Un anno fa non avrei mai pensato che certe scene potessero esistere al di fuori dai film romantici.

Un anno fa non avrei mai pensato che potesse esistere qualcuno che ama farmi le coccole quanto io amo riceverne.

Un anno fa non avrei mai pensato che potessi miagolare liberamente con qualcuno.

Un anno fa non avrei mai pensato che avrei potuto soffrire così tanto per una settimana di separazione ("ci sono abituata" un cavolo...).

Un anno fa non avrei mai pensato che mi sarei appassionata allo spazio così tanto.

Un anno fa e due giorni fa non avrei mai pensato di poter diventare fan di Star Trek.

Un anno fa non avrei mai pensato che si potesse codificare un linguaggio comune in modo così complesso.

Un anno fa non pensavo fosse possibile completarsi le frasi a vicenda.

Un anno fa non avrei mai pensato che qualcuno potesse volere il mio alter lego.

Un anno fa non avrei mai pensato potesse esistere la gommini evoluzionista

Un anno fa non avrei mai pensato che fosse possibile non avere segreti di nessun tipo.

Vabbè, diciamocelo... un anno fa non capivo un gran che di tante cose.

365 volte grazie per avermi aperto gli occhi.


sabato 24 maggio 2014

Indiana Michi e la tecnologia (ovvero Ode ad AD Blues)

Interrompiamo il resoconto dei festeggiamenti del compleanno del secolo per raccontare un fatto di maggiore attualità.
Indiana Michi fa finta molto bene di essere brava con la tecnologia, ma in realtà è tutta scena. Sul curriculum c'è scritto che conosce alcuni linguaggi di programmazione (vabbè, mo non famo le splendide... due, ne conosce due) e che usa correntemente tre diversi sistemi operativi. Che, per inciso, è vero.
Quello che non c'è scritto, però, è che se le chiedi cos'è una RAM inizia a sudare freddo. Che se deve comprare un nuovo computer entra in panico. Che quando AmicoIngegnere le ha insegnato via skype ad aprire il vecchio portatile per togliere la polvere, e ci è riuscita, si è sentita come se avesse costruito lo Shuttle.

E insomma quando ha un problema con il computer tendenzialmente Indiana Michi si mette le mani nei capelli e chiede aiuto in lacrime al primo amico nerd che le capita sotto le grinfie (di solito Alex in caso di problemi con Mac e Linux, AmicoG e AmicoIngegnere in caso di problemi con Windows. In caso di problemi hardware tendenzialmente vanno bene tutti e tre).
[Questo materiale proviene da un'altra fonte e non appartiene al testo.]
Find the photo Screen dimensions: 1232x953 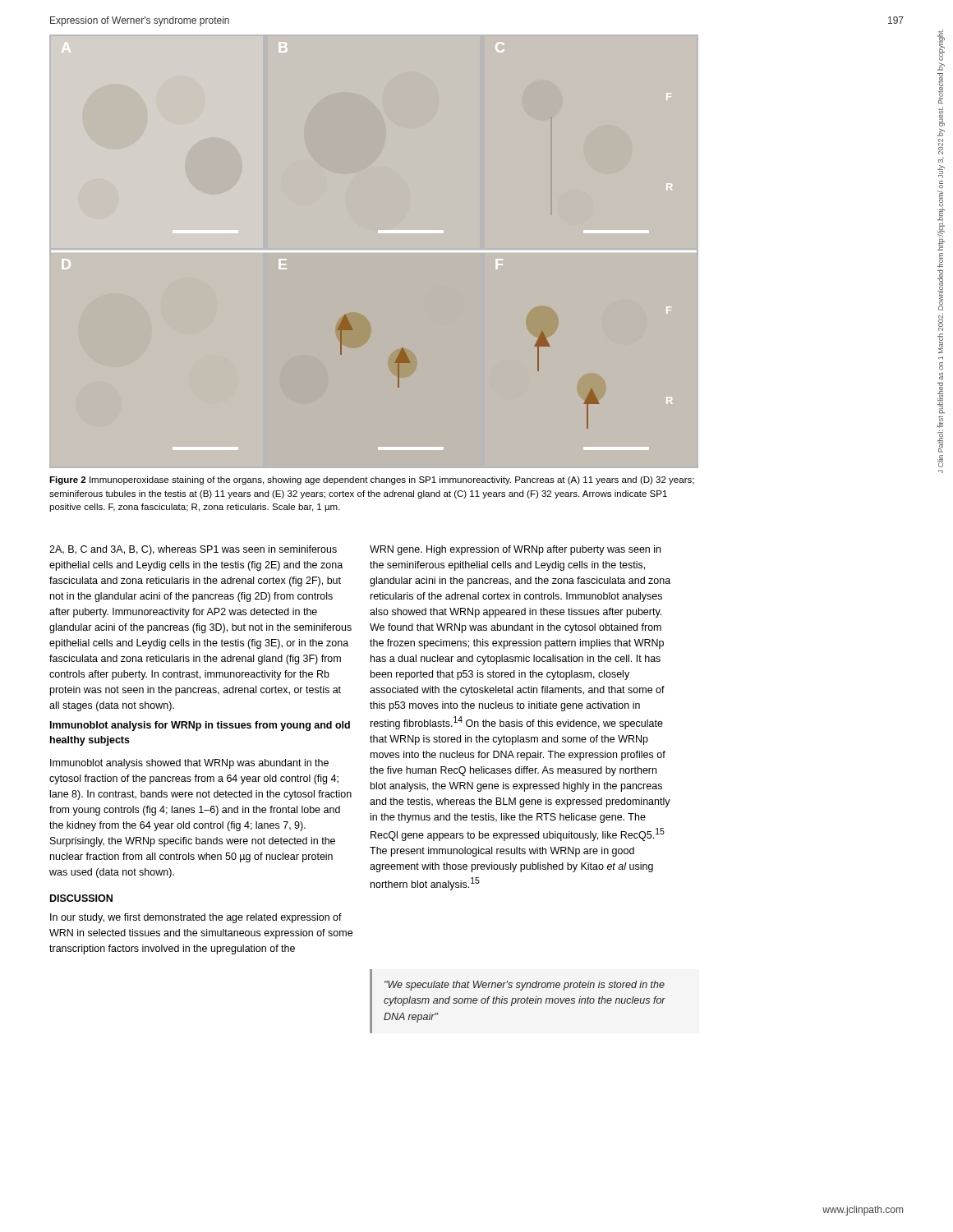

La settimana scorsa, a Roma, seduta fra Alex, AmicoG e AmicoIngegnere (e pure Goldie e Gipo, che non si sa mai... mancava solo 4ngel0 e costruivano lo Shuttle sul serio) Indiana Michi si è accorta che il lettore DVD del suo Mac sputava i film invece di leggerli. E che ha fatto? Ha presentato il problema al comitato tecnico al gran completo (dopo la pasta alla gricia e la zuppa inglese difficilmente le avrebbero negato qualcosa)? NOOOO, sarebbe stato troppo furbo! Ha dato il DVD ad AmicoG e l'hanno visto da un altro computer.
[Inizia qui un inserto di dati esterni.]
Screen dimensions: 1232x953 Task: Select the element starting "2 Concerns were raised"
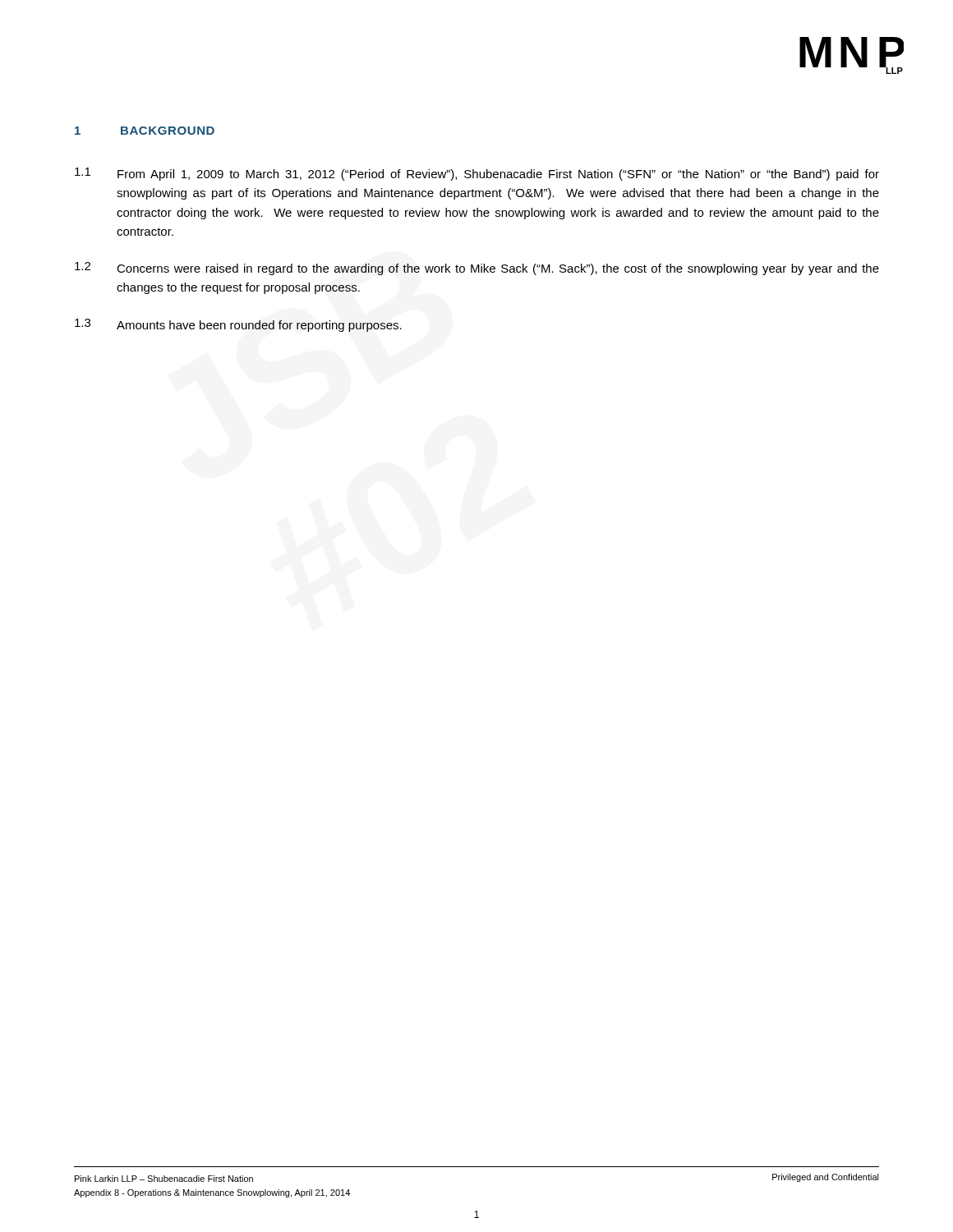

Tornata a Londra sola soletta il problema si è ripresentato. Con tutti i DVD possibili. E Indiana Michi di DVD ne ha davvero tanti (da HMV costano 3 sterline, come resistere???).
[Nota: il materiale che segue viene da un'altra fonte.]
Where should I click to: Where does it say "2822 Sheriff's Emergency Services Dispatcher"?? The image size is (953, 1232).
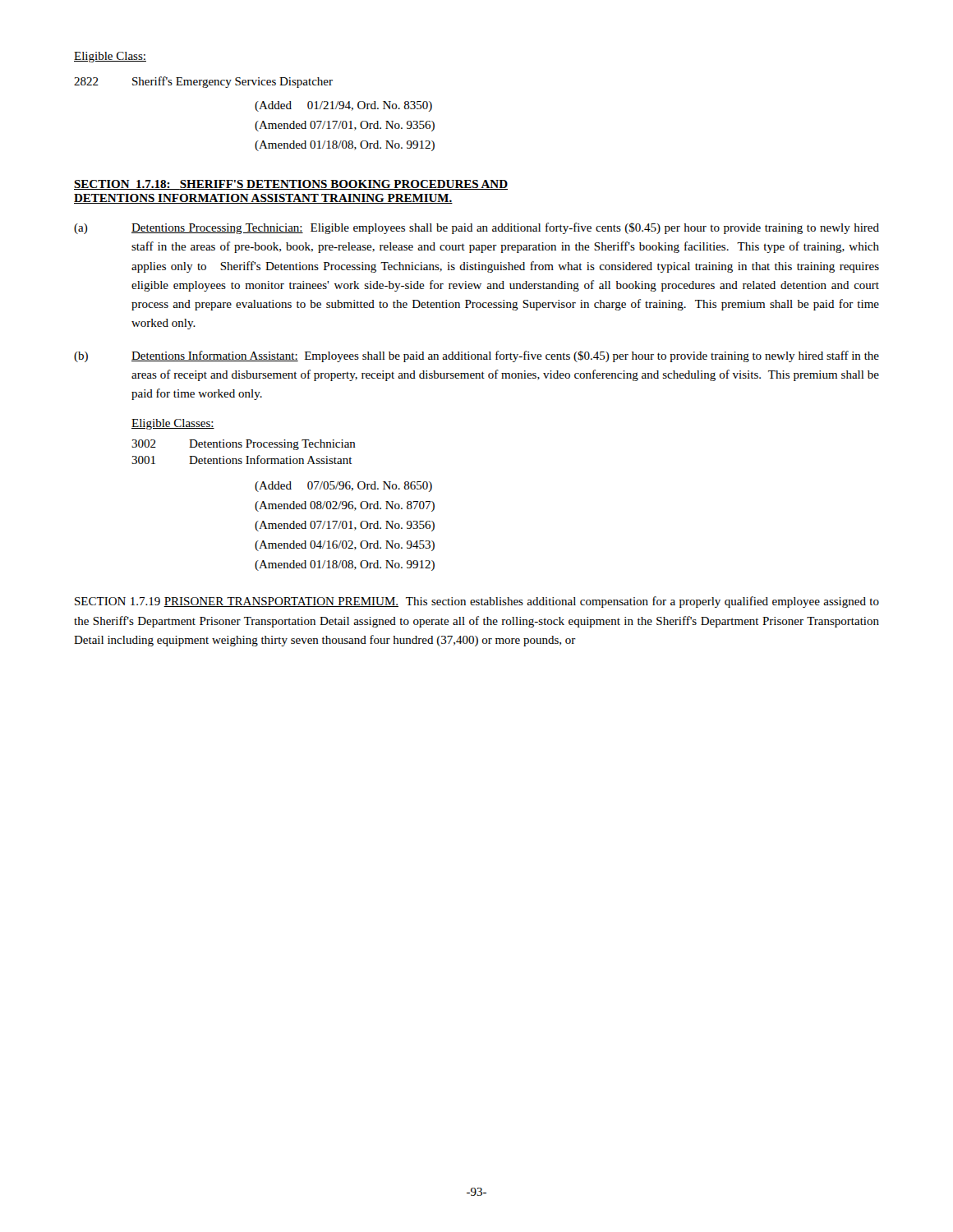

Avendo ovviamente perso il diritto all'aiuto tecnico (non hanno ancora inventato il modo di spedire la pasta alla Gricia via Skype) Indiana Michi si è cimentata nella navigazione fra forum e siti internet alla ricerca disperata di una soluzione.
Indiana Michi attrezzata per la navigazione nel Cyberspazio

Ha provato, fra le altre cose consigliate:
  • a inserire CD musicali, CD di dati, CD vergini, DVD di film, DVD di dati.
  • a inserire DVD tenendo il computer in tutte le posizioni consentite in uno spazio tridimensionale. 
  • a spegnere e riaccendere il computer
  • a spegnere il computer, staccarlo dalla corrente, lasciarlo una decina di minuti a riflettere sulle sue malefatte, ricollegarlo alla corrente e riaccenderlo
  • a spegnere il computer e riaccenderlo premendo una serie di tasti che per fortuna che ora suona il pianoforte e ha le dita abbastanza abituate ad allungarsi in varie direzioni, stando su un piede solo e ripetendo come un mantra "quarantadue, quarantadue, quarantadue"...
A quel punto ha parlato con AmicoG che, da ingegnere pratico quale è, in 10 secondi netti le ha ordinato su Ebay un lettore esterno compatibile con il Mac. Arrivato 24 ore dopo.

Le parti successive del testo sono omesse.